Znany niemiecki konstytucjonalista Ferdinand Kirchhof, pełniący funkcję wiceprzewodniczącego Trybunału Konstytucyjnego przekonywał na łamach gazety „Die Welt”, że „pilnie potrzeba wprowadzenia demokracji bezpośredniej w UE, ponieważ władza bardzo się oddaliła od swoich obywateli”.
Kirchhof wyjaśnił, że im bardziej postępować będzie integracja, tym ta potrzeba stanie się pilniejsza. W przeciwnym razie, obywatele przestaną akceptować wielki ideał europejski i w rezultacie sama UE unicestwi się.
Zasiadający w Trybunale Konstytucyjnym sędzia uważa, że „demokracja bezpośrednia jest odpowiednia wtedy, gdy decyzje urzędników mają bezpośredni wpływ na życie obywateli UE na poziomie podstawowym, jak na przykład w przypadku traktatów unijnych i wspólnej waluty euro.”
W niemieckich mediach toczy się debata nad powrotem do tradycyjnych form demokracji bezpośredniej.

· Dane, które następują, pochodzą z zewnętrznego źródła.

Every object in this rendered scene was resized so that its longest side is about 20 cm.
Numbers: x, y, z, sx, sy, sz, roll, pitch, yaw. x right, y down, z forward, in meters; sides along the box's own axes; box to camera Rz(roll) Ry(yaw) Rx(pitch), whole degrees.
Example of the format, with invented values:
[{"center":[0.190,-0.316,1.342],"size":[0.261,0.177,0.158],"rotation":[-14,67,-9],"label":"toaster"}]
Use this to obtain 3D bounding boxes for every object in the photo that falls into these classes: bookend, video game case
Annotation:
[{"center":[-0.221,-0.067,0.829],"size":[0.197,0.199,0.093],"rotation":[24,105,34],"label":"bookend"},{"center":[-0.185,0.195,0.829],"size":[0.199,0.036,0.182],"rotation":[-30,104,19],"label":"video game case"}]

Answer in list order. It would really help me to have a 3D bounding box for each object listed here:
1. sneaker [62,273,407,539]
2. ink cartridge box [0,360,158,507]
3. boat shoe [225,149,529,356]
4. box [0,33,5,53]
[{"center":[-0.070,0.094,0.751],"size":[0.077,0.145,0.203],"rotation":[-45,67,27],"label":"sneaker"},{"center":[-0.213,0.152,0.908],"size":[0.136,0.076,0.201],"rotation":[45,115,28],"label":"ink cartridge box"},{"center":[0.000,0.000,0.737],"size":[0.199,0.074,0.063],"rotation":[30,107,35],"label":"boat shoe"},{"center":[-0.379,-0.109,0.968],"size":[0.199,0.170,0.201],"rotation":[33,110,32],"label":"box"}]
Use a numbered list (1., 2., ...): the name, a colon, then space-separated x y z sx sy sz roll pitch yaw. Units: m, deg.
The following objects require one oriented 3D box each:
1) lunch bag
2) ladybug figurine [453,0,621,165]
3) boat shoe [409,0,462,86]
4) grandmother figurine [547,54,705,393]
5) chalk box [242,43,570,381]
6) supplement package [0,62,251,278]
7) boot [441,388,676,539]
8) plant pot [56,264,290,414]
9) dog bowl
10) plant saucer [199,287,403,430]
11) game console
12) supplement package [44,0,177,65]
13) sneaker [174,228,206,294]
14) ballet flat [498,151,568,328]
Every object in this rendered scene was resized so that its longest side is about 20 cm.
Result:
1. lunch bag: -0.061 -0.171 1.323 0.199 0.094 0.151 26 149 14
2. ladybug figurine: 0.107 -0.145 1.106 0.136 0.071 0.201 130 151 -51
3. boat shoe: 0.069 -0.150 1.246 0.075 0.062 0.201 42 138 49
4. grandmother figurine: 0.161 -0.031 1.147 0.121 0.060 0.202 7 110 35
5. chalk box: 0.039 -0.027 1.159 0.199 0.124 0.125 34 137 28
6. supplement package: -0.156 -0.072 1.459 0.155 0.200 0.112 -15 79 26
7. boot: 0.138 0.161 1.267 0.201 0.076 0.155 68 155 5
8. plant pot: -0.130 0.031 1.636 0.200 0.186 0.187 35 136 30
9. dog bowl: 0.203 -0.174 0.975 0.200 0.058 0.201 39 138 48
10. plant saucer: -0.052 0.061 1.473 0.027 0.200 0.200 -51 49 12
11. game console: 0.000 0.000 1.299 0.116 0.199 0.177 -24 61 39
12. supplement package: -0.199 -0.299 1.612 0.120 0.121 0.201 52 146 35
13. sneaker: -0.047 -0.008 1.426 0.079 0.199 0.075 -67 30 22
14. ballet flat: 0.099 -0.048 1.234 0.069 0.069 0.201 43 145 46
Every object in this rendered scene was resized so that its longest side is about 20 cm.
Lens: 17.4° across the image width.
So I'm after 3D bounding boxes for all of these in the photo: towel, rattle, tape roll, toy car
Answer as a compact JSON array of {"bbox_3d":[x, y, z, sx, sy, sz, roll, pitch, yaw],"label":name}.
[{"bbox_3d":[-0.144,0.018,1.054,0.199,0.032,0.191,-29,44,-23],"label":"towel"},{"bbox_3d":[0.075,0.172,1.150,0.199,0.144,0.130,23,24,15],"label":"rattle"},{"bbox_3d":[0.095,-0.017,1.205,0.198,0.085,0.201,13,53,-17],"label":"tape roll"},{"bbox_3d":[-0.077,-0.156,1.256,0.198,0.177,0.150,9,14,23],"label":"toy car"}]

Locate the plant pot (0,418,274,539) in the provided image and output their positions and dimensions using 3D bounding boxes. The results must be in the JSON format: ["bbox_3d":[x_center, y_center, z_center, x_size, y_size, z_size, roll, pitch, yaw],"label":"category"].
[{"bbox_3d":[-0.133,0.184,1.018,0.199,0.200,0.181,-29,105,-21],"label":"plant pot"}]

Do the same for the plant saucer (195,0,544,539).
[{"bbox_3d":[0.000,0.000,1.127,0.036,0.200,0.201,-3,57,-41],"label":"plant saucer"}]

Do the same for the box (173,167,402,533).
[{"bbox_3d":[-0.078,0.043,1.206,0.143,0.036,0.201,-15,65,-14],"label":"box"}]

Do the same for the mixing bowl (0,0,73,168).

Jej zwolennicy przekonują, że powrót do takiej formy sprawowania władzy staje się konieczny ze względu na arogancję polityków, którzy nie informują jasno społeczeństwa na temat celów swojej polityki i treści wynegocjowanych umów, które coraz częściej zapadają w niejasnych okolicznościach i w wąskim gronie zainteresowanych.
Źródło: Federacja Pro Europa Christiana, AS.